Brand names often have unexpected spellings; new or obscure product brands won’t be known to TTS programs. Plain English writing has misspellings; should a misspelling be rendered faithfully to the original error or corrected only when pronounced but not for sightful readers? Sentences usually begin with capital letters and that helps TTS programs determine how to sound out the sentence, but if a sentence begins by naming a computer command that has to be in all lower case, will the TTS program still recognize that it starts a sentence, thus giving the proper sound? What about command arguments that are words that begin with hyphens, either one or two?

Add to that that you don’t know what TTS program a user is using, or what version of it, and that recognized vocabularies are probably proprietary, so you probably can’t get them from TTS companies, or look them up on the Web.

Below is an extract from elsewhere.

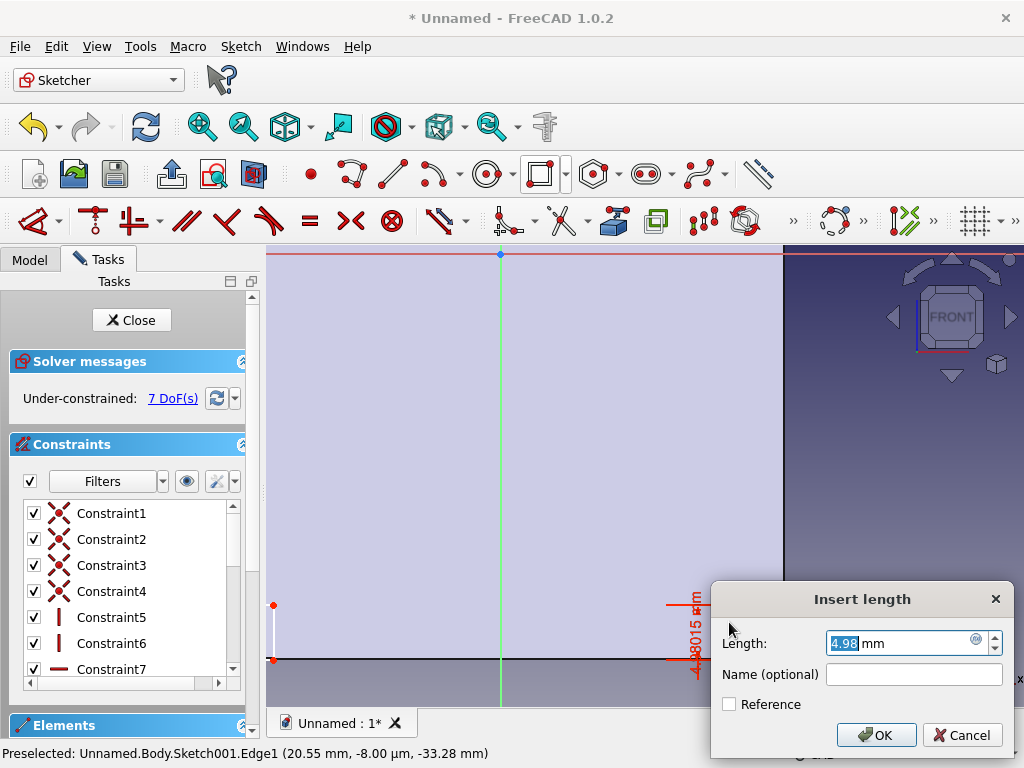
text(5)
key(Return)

Some of this can be solved by rewriting the original text so everyone gets the same results, but if you’re quoting then rewriting may not be an option and, even without quoting, that method can producing writing that’s bad for other reasons.

So, you have to code defensively, in case a string is not in a TTS user’s recognized set. Coding defensively takes up even more time.

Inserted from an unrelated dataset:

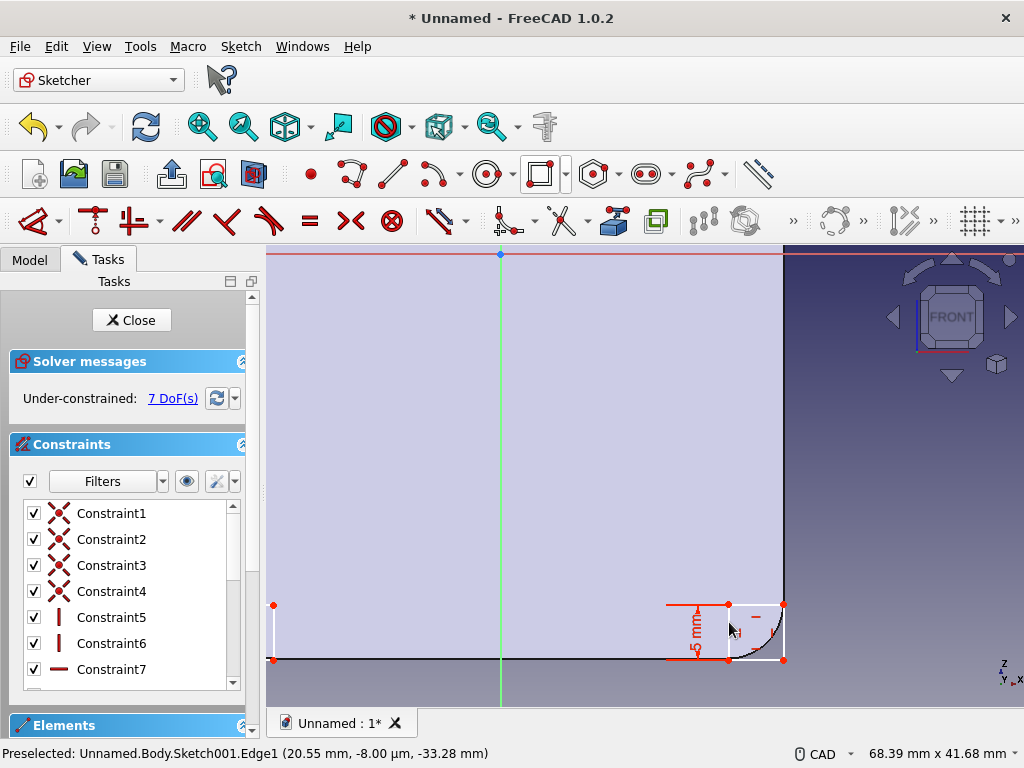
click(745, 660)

If you’re willing to do that and decide to code the contexts, then you have to choose just how much context to include. Too much and you have to remember to edit your pro-TTS support coding whenever you edit more of the page. Too little and two contexts might be encompassed by the one line of code when they should have different renderings, causing a TTS error.

Proposal

This state of affairs is not helpful. We can fix this.

First, we need a compilation of strings and formats that most modern TTS programs usually recognize, even if the pronunciations are ambiguous. Even if the lists are not released by TTS providers, they can be created by users using test files. Perhaps a website owner can offer to compile a unified list from the separate TTS program providers, such as if at least three providers have the same string in their lists, so providers can still maintain some competitive advantage while content editors can save on the work they have to do and TTS providers can discover what strings should be added to their programs.

Second, we need a tool, like a validator, where we can input either text or a URL and have it tell us what is missing from a TTS list and have it tell us which items are usually subject to ambiguity when rendered unless we coded them. It could recognize the coding when present, so we can focus on those items needing coding. Ordinary dictionaries of English, at least some at the upper end of dictionary scholarship, already often offer multiple pronunciations for one word. If default pronunciations are known, and are consistent across TTS programs, it can tell us what they are, so we can decide when coding is not necessary for a particular item. In that case, validation won’t be able to give a passing grade, but we’ll know from the results what to do and what to skip to save time.